Abstract
Objective: The authors probed endothelium-dependent dilation and endothelial cell Ca2 + handling in myogenically active resistance arteries.
Methods: First-order arteries were removed from rat cremaster muscles, cannulated, and pressurized (75 mmHg). Vessel diameter and endothelial cell Ca2 + were monitored using confocal microscopy, and arterial ultrastructure was determined using electron microscopy.
Results: Acetylcholine (ACh) stimulated elevations and oscillations in endothelial cell Ca2 +, and concentration-dependently dilated arteries with myogenic tone. NO-independent dilation was blocked by 35 mM K+. Combined IKCa (1 μ M TRAM-34) and SKCa (100 nM apamin) blockade partially inhibited NO-independent relaxations, with residual relaxations sensitive to BKCa or cytochrome P-450 inhibition (100 nM iberiotoxin, and 20 μ M 17-ODYA or 10 μ M MS-PPOH). 11,12-EET stimulated iberiotoxin-sensitive dilation, but did not affect endothelial cell Ca2 +. 15 mM K+ evoked dilation sensitive to inhibition of KIR (30 μ M Ba2 +) and Na+/K+-ATPase (10 μ M ouabain), whereas these blockers did not affect ACh-mediated dilations. Homo- and heterocellular gap junctions were identified in radial sections through arteries.

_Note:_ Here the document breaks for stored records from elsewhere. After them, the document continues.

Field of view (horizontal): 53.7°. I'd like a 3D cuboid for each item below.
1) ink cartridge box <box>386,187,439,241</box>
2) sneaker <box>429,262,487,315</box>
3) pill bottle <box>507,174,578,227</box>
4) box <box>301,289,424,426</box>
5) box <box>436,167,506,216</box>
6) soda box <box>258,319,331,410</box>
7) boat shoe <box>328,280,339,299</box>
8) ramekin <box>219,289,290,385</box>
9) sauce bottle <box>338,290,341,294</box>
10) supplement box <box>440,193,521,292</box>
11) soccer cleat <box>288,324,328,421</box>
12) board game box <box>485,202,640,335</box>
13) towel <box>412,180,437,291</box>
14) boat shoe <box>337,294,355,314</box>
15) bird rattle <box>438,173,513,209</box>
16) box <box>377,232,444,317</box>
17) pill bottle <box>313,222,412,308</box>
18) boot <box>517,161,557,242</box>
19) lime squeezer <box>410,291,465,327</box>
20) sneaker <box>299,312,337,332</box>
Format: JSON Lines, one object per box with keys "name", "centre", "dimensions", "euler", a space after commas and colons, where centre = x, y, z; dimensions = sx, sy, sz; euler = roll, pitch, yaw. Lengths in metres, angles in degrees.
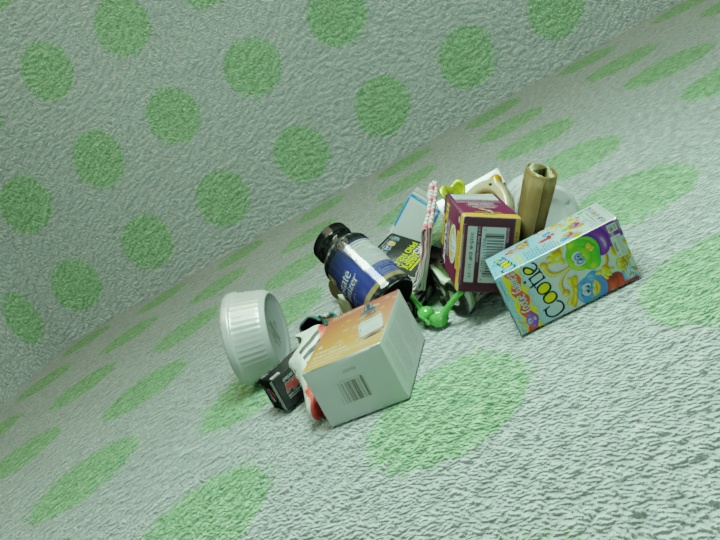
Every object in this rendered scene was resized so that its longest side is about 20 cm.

Conclusion:These data suggest that rises in endothelial cell Ca2 + stimulate SKCa and IKCa channels, leading to hyperpolarization and dilation, likely due to electrical coupling. In addition, a component was unmasked following SKCa and IKCa blockade, attributable to activation of BKCa channels by cytochrome P-450 metabolites.
This work was supported by British Heart Foundation, Wellcome Trust (UK), NIH (HL-51055), and NIH (GM-31278).